Nathaniel was baptized in fall 2022 at our annual kick-off. If you have interest in getting baptized at Hope Community Church, you can learn more by visiting hopecc.com/baptism.
My upbringing was centered around the importance of God and Jesus. My parents encouraged my belief in God by having me baptized as a baby, taking my brother and I to church every Sunday, having me confirmed, taught me how to pray. However, things got really tough for me when I was a teenager. When I was in the middle of my sophomore year of high school, my dad was sent to prison and our family’s life was uprooted from California to Wisconsin. Around the age of sixteen, I was thrown into a household leader role.

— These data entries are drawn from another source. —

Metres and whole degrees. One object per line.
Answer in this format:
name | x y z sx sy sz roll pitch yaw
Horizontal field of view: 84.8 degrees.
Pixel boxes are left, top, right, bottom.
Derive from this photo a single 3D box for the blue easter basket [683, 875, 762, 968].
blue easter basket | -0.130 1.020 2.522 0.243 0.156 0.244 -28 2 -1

As a result, I started to stray away from my relationship with God. When I started college, I continued to believe in God but stopped praying and attending church. I started partying and took time off from life, aside from work and school, to do whatever I wanted because I thought I earned and needed a vacation from being, in a sense, the leader of the household. After many years of going out, drinking, experiencing many failed relationships, and struggling with depression, I gradually started to pray once again because I felt as though my life was empty. Eventually praying became an every day occurrence and I developed a desire to go to church, but I did nothing because I had no one to go with. The majority of my friends had no connection to God, and I was the only member of my family to live in Minnesota. However, many years later, God answered my prayers when he placed my now wife, Lindsay, in my life. As our relationship grew, I started to attend church services with Lindsay and joined her in weekly small group meetings. I began engaging more with God’s word, and when Covid started, I started reading the Bible every day because I no longer had to spend 45 minutes every morning driving to work. I told myself I would read the Bible all the way through for the first time in 2020. Since then, I have read the Bible all the way through every year. As a result, I’m more engaged in the weekly church sermons and small groups discussions, and I want to further my relationship with God, which is why I decided to be baptized as an adult.

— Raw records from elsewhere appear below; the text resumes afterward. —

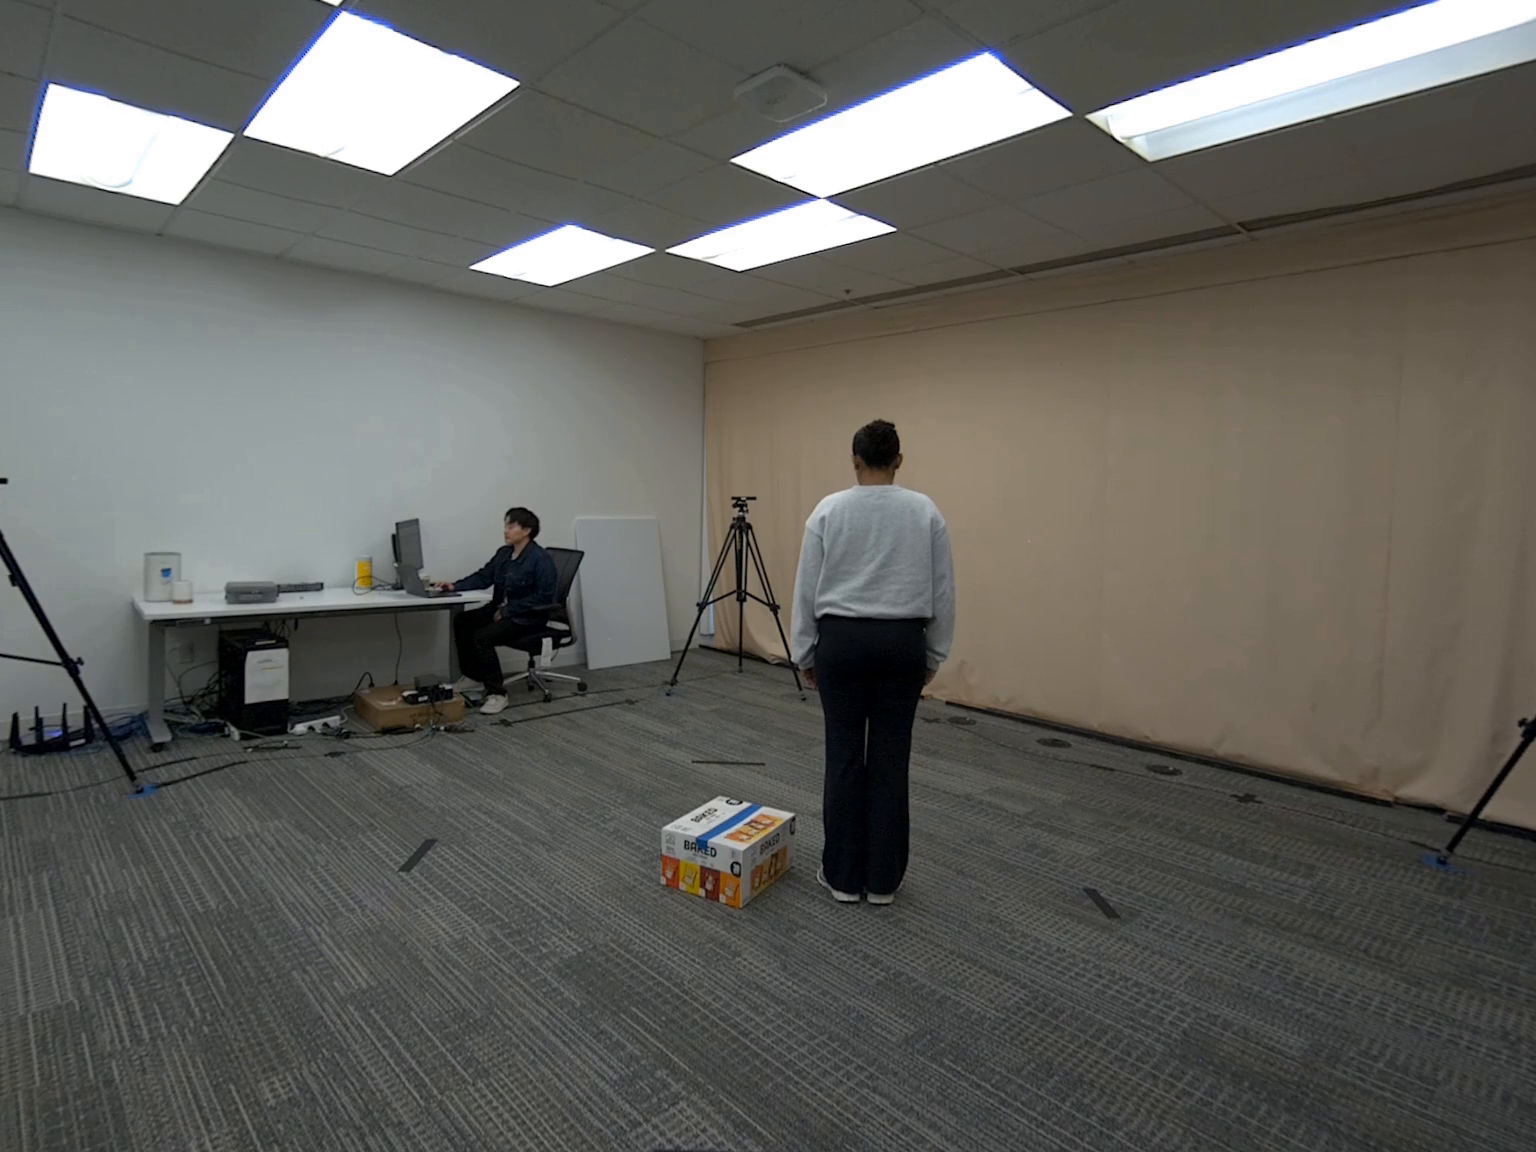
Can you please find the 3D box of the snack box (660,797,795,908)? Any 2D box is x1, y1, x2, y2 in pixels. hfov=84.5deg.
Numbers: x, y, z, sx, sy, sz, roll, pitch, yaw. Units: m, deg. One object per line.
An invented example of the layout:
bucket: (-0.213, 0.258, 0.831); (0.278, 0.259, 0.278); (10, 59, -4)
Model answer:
snack box: (-0.148, 1.006, 3.104); (0.348, 0.205, 0.397); (4, 6, 30)

God has changed my perspective and the way I pray from an asking attitude to one of gratitude and thanksgiving for all that God has blessed me with, even in the midst of Lindsay’s and my dad’s deaths, as well as two miscarriages. I am grateful and feel blessed to be married to such a kind, funny, God-fearing, and beautiful woman. God also blessed us with a house, which I thought would never be possible since I had no savings and had been heavily in debt for the majority of my life. In addition to making physical and material changes in my life, God softened my heart toward my dad. I was able to forgive my dad emotionally and tell him in person that I had forgiven him just 6 months before he died unexpectedly. I also maintain a closer relationship with my mom. She has helped me on my journey by giving me books on faith and encouraged me even when I didn’t want to hear it. In addition, God has given me a close-knit group of friends that I consider to be my family.
Many passages in the Bible have been meaningful to me in my faith journey. However, one verse that stands out to me is Romans 5:3-5:
“Not only so, but we also glory in our sufferings, because we know that suffering produces perseverance; perseverance, character; and character, hope. And hope does not put us to shame, because God’s love has been poured out into our hearts through the Holy Spirit, who has been given to us.”